Amherst Redevelopment Authority: Winner Aaron Hayden 880 to Vince O'Connor 504

Jones Library: (Major upset!) First Place: Chris Hoffman 832, Second place: Michael Wolff 665, Odd person out: Current Board of Trustees President Pat Holland with 660 (kind of like that overthrow in Egypt thing).

Voter turnout: A pathetic 8.5% (Think globally, ignore locally)

##############################################
8:39 PM

So far in the "heated" race for ARA, incumbent Aaron Hayden, with numbers from three out of 10 precincts (7,8 and 9) is winning by a 2-1 margin. Turnout is barely breaking double digits.

9:05 PM
Hayden wins precincts 2, 3 and 4 and combined it's probably by 2-1 total. Vince actually wins Precinct 1 (his home precinct) 48-42.

I am now projecting Aaron Hayden the winner. Go Gateway!

9:17 PM
For Library it's looking like the odd person out is not going to be out by much. Close 3-way race for the two seats (with 7 or 10 precincts reporting.)

9:21 PM
Looks like Chris Hoffman is in for one of the Jones Library seats but number two is close. Vince actually won another precinct: 2

Monday, March 28, 2011

What if they gave an election and nobody came?

The best PR flack in the business--even the guy who came up with “More doctors smoke Camels than any other cigarette”--would have a hard time selling today's municipal election. B-O-R-I-N-G.

Almost exclusively due to a lack of competition. For the second election in a row, no contest for Select Board--the highest elected position in town government. And since the schools are the only thing that matters to a whopping percentage of the electorate, the lack of a contest for Catherine Sanderson's School Committee seat (at least hers until 8:00 PM this evening) dampened markedly any election buzz.

No lawn signs, post cards, radio ads, bumper stickers, nasty emails, Facebook pages or stand outs in town center. Nada.

Ironically Aaron Hayden is the candidate hurt the most--fortunately not fatally--as virtually all the 'Amherst Center' types who would have flocked to the polls to vote against Catherine Sanderson would have supported Mr. Hayden's reelection to the Amherst Redevelopment Authority for his sane, smart growth approach to enhancing our commercial tax base (thus creating more tax revenues for the schools); the exact opposite of Vince O'Connor's touchy-feely, no-growth-is good-growth attitude.
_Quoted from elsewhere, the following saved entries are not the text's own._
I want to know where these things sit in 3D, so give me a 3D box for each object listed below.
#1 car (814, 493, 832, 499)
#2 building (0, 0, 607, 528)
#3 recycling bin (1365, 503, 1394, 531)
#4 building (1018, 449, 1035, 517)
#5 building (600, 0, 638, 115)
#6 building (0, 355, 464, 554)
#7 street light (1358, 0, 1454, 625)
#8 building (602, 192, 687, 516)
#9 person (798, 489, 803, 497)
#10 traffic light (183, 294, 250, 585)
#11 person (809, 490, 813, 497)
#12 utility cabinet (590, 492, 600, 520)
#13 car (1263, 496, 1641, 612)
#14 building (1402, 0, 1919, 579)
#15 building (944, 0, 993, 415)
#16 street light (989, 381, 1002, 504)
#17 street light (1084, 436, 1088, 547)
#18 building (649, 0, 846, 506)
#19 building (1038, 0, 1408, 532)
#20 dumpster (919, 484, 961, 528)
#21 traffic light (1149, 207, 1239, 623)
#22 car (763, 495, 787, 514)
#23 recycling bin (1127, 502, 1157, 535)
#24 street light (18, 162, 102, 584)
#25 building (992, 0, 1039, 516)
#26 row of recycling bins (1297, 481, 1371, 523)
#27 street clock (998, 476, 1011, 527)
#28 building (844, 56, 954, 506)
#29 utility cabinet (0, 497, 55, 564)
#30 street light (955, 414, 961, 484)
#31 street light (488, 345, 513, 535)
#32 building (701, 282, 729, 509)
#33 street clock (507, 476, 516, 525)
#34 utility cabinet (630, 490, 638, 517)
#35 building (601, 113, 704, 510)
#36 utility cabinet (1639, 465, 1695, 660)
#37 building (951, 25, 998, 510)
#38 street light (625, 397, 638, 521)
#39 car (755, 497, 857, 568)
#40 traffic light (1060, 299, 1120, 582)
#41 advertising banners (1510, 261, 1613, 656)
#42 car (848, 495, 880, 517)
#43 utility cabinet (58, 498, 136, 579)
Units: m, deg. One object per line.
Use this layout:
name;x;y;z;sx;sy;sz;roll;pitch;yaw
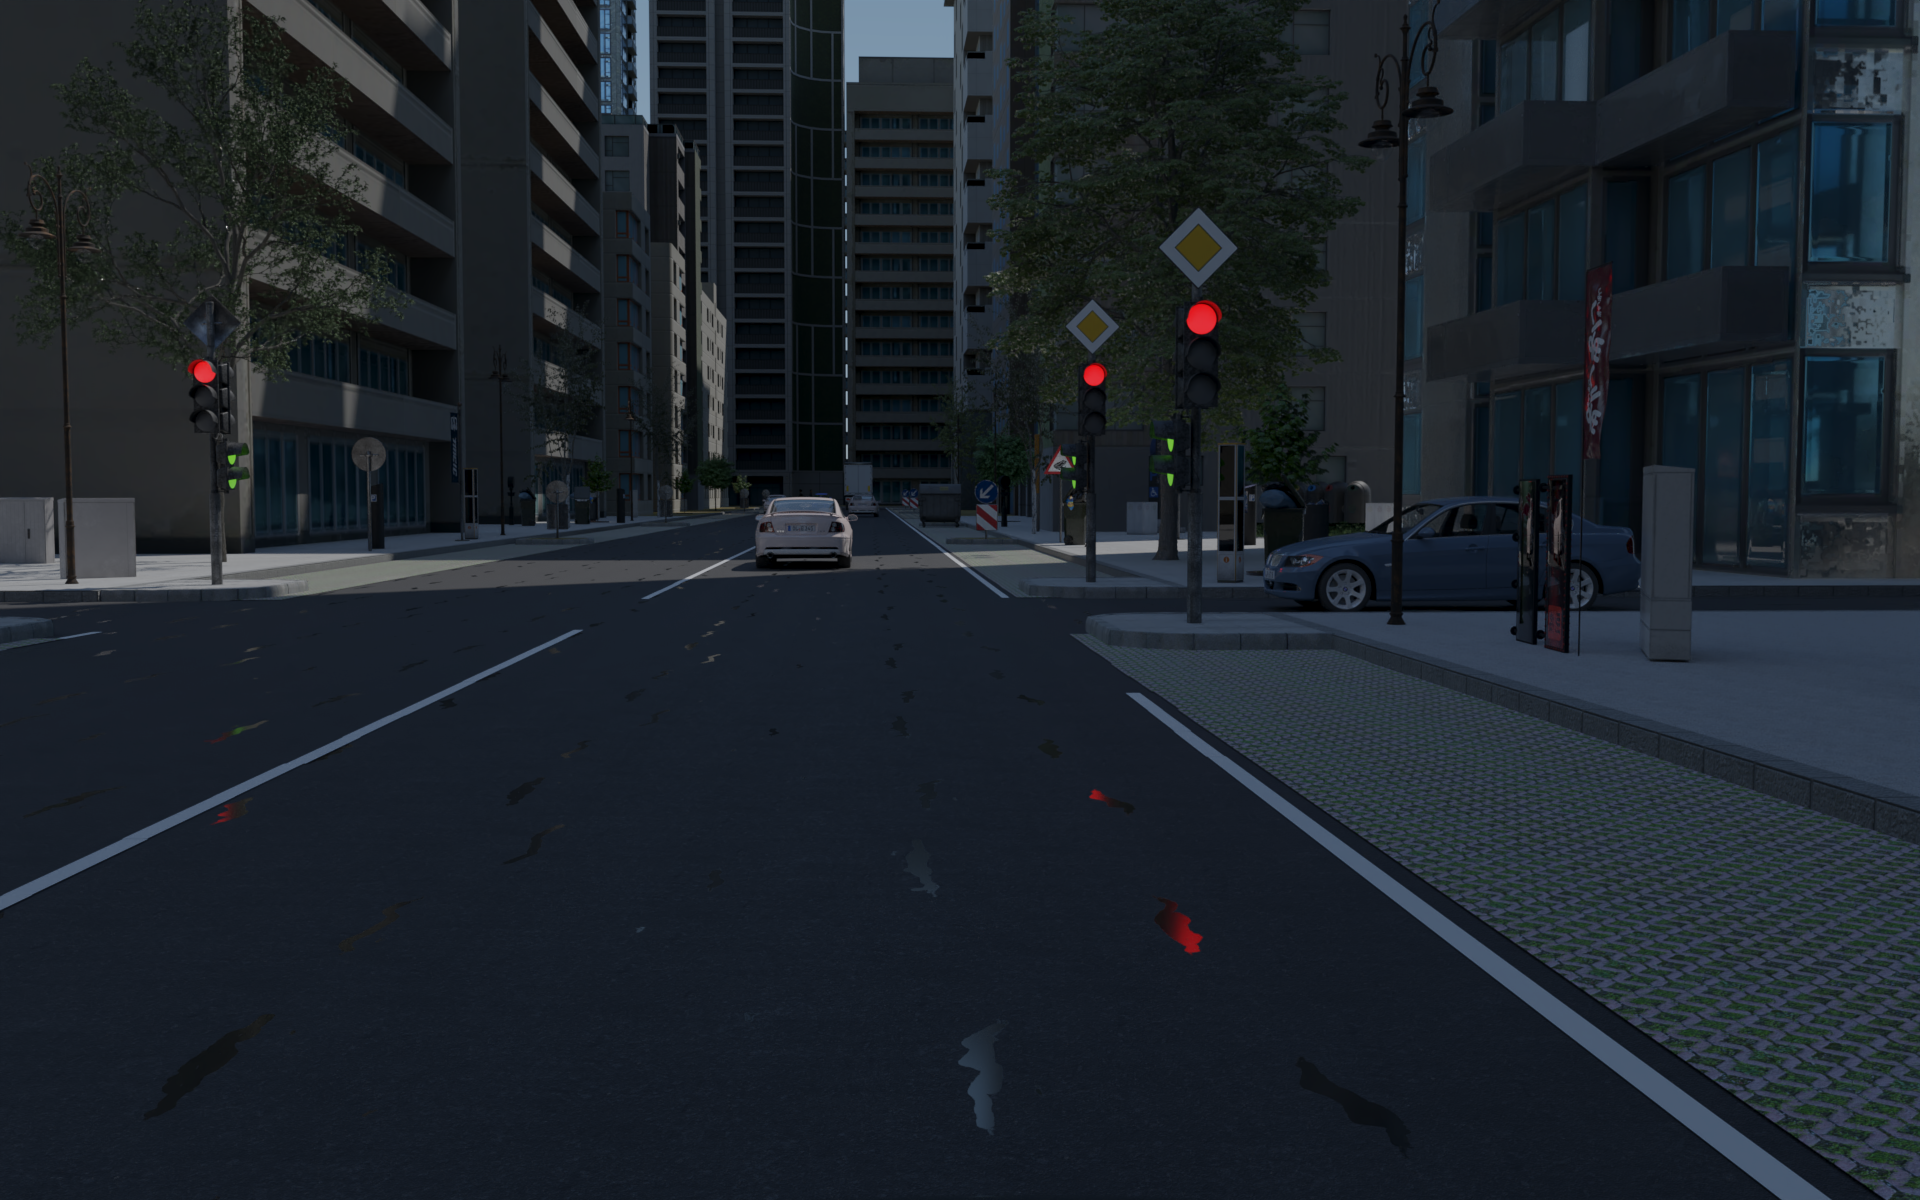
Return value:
car;-12.824;-9.220;160.333;1.945;1.707;3.694;0;4;-1
building;-29.260;-27.999;81.484;21.300;48.544;21.600;0;4;-3
recycling bin;11.835;-2.193;48.411;0.722;1.027;0.722;-2;4;-34
building;14.155;-39.823;89.353;20.563;71.187;20.611;0;4;-3
building;-49.013;-53.809;192.441;31.000;86.520;22.319;0;4;-3
building;-26.588;-25.799;45.511;21.300;48.544;21.600;0;4;-3
street light;4.291;-2.696;16.861;0.468;5.910;1.993;0;4;-3
building;-33.339;-16.394;113.082;27.650;21.520;28.899;0;4;-3
person;-14.103;-8.861;153.003;0.705;1.869;1.348;1;4;18
traffic light;-10.507;-2.171;24.417;0.839;4.253;0.868;0;4;-3
person;-12.596;-8.450;146.676;0.705;1.821;1.348;0;4;7
utility cabinet;-18.258;-4.695;85.441;0.318;1.500;1.173;2;4;25
car;6.010;-0.573;21.377;4.499;1.417;2.014;0;4;-3
building;24.843;-25.403;34.951;30.456;49.044;23.786;0;4;-3
building;13.438;-34.952;160.704;28.713;52.752;27.495;0;4;-3
street light;1.449;-6.008;71.023;0.468;5.910;1.993;0;4;-3
street light;3.110;-4.225;41.871;0.468;5.910;1.993;0;4;-3
building;-23.207;-46.198;193.587;20.611;71.187;20.563;0;4;-3
building;9.782;-23.309;64.697;14.154;41.232;14.086;0;4;-3
dumpster;-0.851;-4.012;73.805;1.865;1.857;1.264;0;4;-2
traffic light;2.313;-1.725;17.120;0.839;4.253;0.868;0;4;-3
car;-13.619;-7.125;128.856;2.083;1.381;4.827;0;4;-4
recycling bin;5.768;-2.588;54.865;0.722;1.027;0.722;3;5;44
street light;-12.680;-3.166;24.546;0.468;5.910;1.993;0;4;-3
building;9.437;-28.044;108.631;14.600;45.320;14.200;0;4;-3
row of recycling bins;11.786;-2.963;55.564;1.069;1.692;3.534;-2;4;-32
street clock;1.734;-3.864;67.747;0.471;2.002;0.358;-2;4;-30
building;-2.188;-35.031;196.463;21.600;48.544;21.300;0;4;-3
utility cabinet;-17.307;-1.275;32.009;1.020;1.237;0.306;0;4;6
street light;-0.103;-7.774;99.890;0.468;5.910;1.993;0;4;-3
street light;-14.223;-4.949;53.709;0.468;5.910;1.993;0;4;-3
building;-36.914;-19.186;158.733;28.899;21.520;27.650;0;4;-3
street clock;-18.408;-4.066;71.049;0.358;2.002;0.471;0;4;-7
utility cabinet;-17.853;-5.269;94.823;0.318;1.500;1.173;-1;4;-16
building;-27.813;-22.221;135.007;14.160;30.474;14.107;0;4;-3
utility cabinet;5.598;-0.307;13.702;0.318;1.500;1.173;1;4;18
building;11.223;-50.009;130.321;22.319;86.520;31.000;0;4;-3
street light;-15.671;-6.714;82.567;0.468;5.910;1.993;0;4;-3
car;-3.111;-1.380;34.919;2.083;1.381;4.827;0;4;-3
traffic light;1.886;-2.212;25.094;0.839;4.253;0.868;0;4;-3
advertising banners;4.889;-1.097;14.125;0.090;3.025;2.074;0;3;0
car;-6.044;-5.899;108.816;2.083;1.381;4.827;0;4;-2
utility cabinet;-13.202;-0.939;26.507;1.020;1.237;0.306;-3;5;-44

But I'm still going to write in Catherine Sanderson for School Committee anyway. She deserves the Medal of Honor and a Purple Heart for three long years of banging her perky head against a brick wall. Like the innocent kid who cried out the emperor has no clothes, only in this modern version a royal goon squad then beats the tar out of her.

Chris Hoffman also took some heat last summer for calling attention to the hatchet job underway at the Jones Library, where cutthroat-Carol Gray was setting up long time director Bonnie Isman for a death by a 1,000 cuts with an "evaluation" longer than 'War and Peace'.

Since three candidates are vying for two Library Trustee positions a voter can choose two candidates. I'm going to "bullet vote" for Hoffman, but if you feel it's your patriotic duty to use that other vote then cast it for ANYONE BUT Pat Holland (also part of the hit squad with cutthroat Carol.)

Traditionally Amherst voter turnout for municipal elections held in the Spring is usually an embarrassing 15 to 20% (30% for an Override or Charter change in government ballot question) but the Presidential elections every four years in November always brings out around 75%.

That's Amherst for you: always thinking nationally (or internationally). Today's turnout will be the most pathetic in years, possibly under 10%.


Catherine Sanderson: out of the hot seat

Party Street of the Weekend: Phillips St.

10:30 AM

Amherst Police Department's crack down on rowdy students behavior continued this past weekend with an escalation of tactics: rather than issue $300 tickets for alcohol violation perps were arrested, cuffed and thrown in jail.

And with a shift to "sector" saturation greater police presence (both APD and UMass police) occurred all around the Gateway corridor--especially Phillips Street, Nuting Avenue and North Pleasant Street as well as the usual suspects, Hobart Lane and Sunset/Lincoln Avenues.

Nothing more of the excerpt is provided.